▶ Exercise aim:
Write out exactly the lines from the one containing "</g></defs>" through the last line of the records below, including both.

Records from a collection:
++++
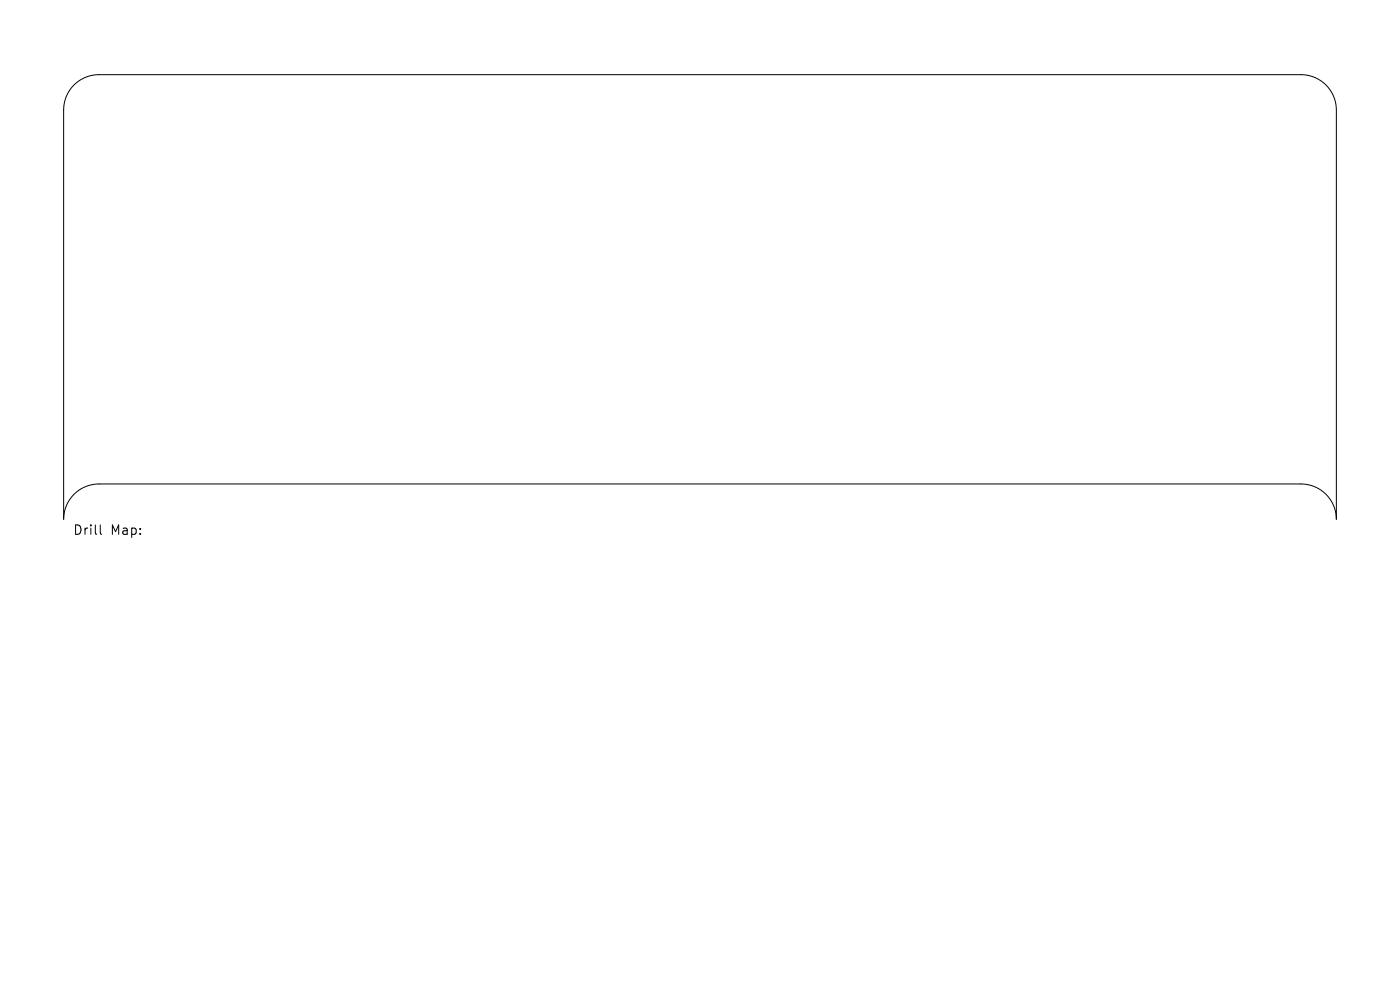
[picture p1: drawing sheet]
<svg xmlns="http://www.w3.org/2000/svg" width="297mm" height="210mm" viewBox="0 0 297 210" stroke-linecap="round" stroke-linejoin="round" font-family="sans-serif">
<defs><g id="words">
<g font-size="2.8">
<text x="15.4" y="113.7">Drill</text>
<text x="23.4" y="113.7">Map:</text>
</g>
</g></defs>
<path d="M15.7 18a7.5 7.5 0 0 1 5.3-2.2h255a7.5 7.5 0 0 1 7.5 7.5v86.9a7.5 7.5 0 0 0-7.5-7.5h-255a7.5 7.5 0 0 0-7.5 7.5v-86.9a7.5 7.5 0 0 1 2.2-5.3zM21.3 111.4v1.7l.3 .3" fill="none" stroke="#000" stroke-width=".21"/>
<use href="#words"/>
</svg>
++++
▶ Result:
</g></defs>
<path d="M15.7 18a7.5 7.5 0 0 1 5.3-2.2h255a7.5 7.5 0 0 1 7.5 7.5v86.9a7.5 7.5 0 0 0-7.5-7.5h-255a7.5 7.5 0 0 0-7.5 7.5v-86.9a7.5 7.5 0 0 1 2.2-5.3zM21.3 111.4v1.7l.3 .3" fill="none" stroke="#000" stroke-width=".21"/>
<use href="#words"/>
</svg>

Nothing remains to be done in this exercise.